Entries taken from a collection:
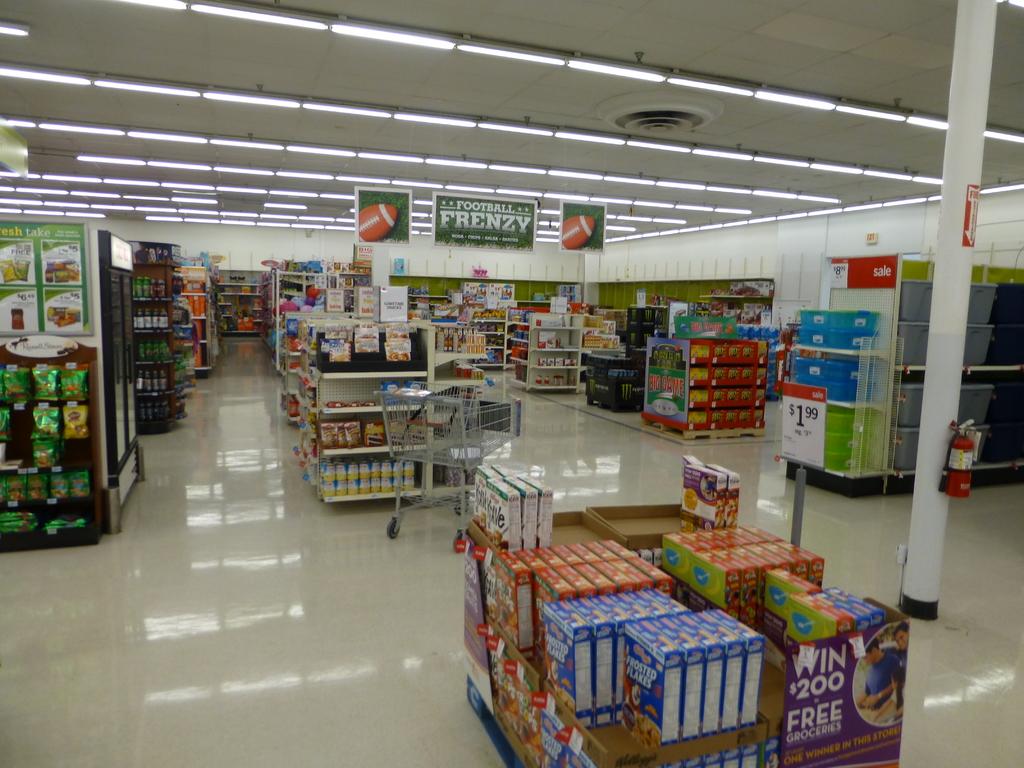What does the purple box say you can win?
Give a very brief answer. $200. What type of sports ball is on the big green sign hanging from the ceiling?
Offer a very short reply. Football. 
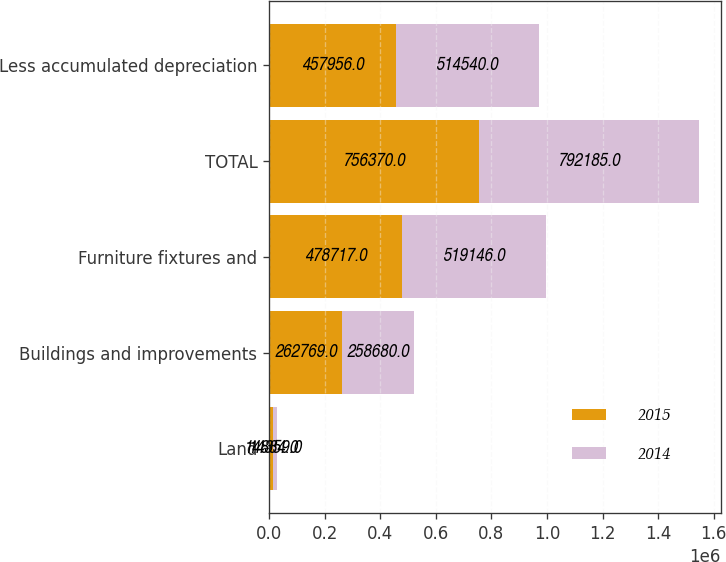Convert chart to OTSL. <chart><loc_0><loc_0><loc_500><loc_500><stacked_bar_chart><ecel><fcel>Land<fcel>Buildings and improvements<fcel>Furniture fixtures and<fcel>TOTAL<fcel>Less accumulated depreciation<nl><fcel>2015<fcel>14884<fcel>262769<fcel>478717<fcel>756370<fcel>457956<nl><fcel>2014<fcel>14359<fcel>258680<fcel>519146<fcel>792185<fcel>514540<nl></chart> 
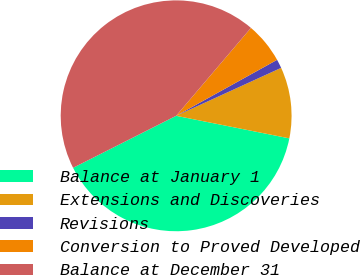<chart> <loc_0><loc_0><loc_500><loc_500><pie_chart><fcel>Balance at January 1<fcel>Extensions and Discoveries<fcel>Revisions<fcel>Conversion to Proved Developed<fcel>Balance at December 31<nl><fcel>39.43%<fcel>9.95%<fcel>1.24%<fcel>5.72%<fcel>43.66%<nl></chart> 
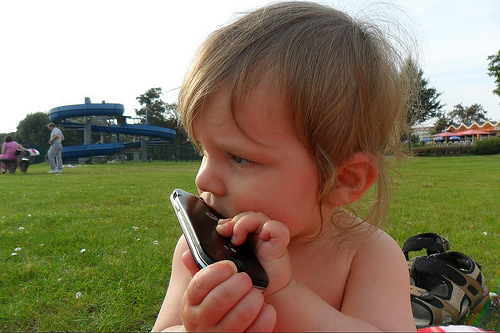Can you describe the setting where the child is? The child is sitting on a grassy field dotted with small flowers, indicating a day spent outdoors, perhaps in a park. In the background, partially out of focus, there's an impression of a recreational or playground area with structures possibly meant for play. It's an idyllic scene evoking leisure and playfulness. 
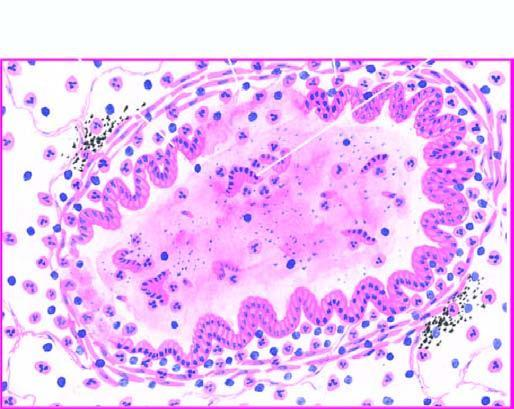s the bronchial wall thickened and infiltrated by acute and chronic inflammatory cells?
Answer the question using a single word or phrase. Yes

#### Required work:
Restate every line of the data above word for word, with the images removed.

#### Output of the task:
What does the purple box say you can win?
Give a very brief answer. $200. What type of sports ball is on the big green sign hanging from the ceiling?
Offer a very short reply. Football. 
Convert chart to OTSL. <chart><loc_0><loc_0><loc_500><loc_500><stacked_bar_chart><ecel><fcel>Land<fcel>Buildings and improvements<fcel>Furniture fixtures and<fcel>TOTAL<fcel>Less accumulated depreciation<nl><fcel>2015<fcel>14884<fcel>262769<fcel>478717<fcel>756370<fcel>457956<nl><fcel>2014<fcel>14359<fcel>258680<fcel>519146<fcel>792185<fcel>514540<nl></chart> 
<chart> <loc_0><loc_0><loc_500><loc_500><pie_chart><fcel>Balance at January 1<fcel>Extensions and Discoveries<fcel>Revisions<fcel>Conversion to Proved Developed<fcel>Balance at December 31<nl><fcel>39.43%<fcel>9.95%<fcel>1.24%<fcel>5.72%<fcel>43.66%<nl></chart> 
Can you describe the setting where the child is? The child is sitting on a grassy field dotted with small flowers, indicating a day spent outdoors, perhaps in a park. In the background, partially out of focus, there's an impression of a recreational or playground area with structures possibly meant for play. It's an idyllic scene evoking leisure and playfulness. 
s the bronchial wall thickened and infiltrated by acute and chronic inflammatory cells?
Answer the question using a single word or phrase. Yes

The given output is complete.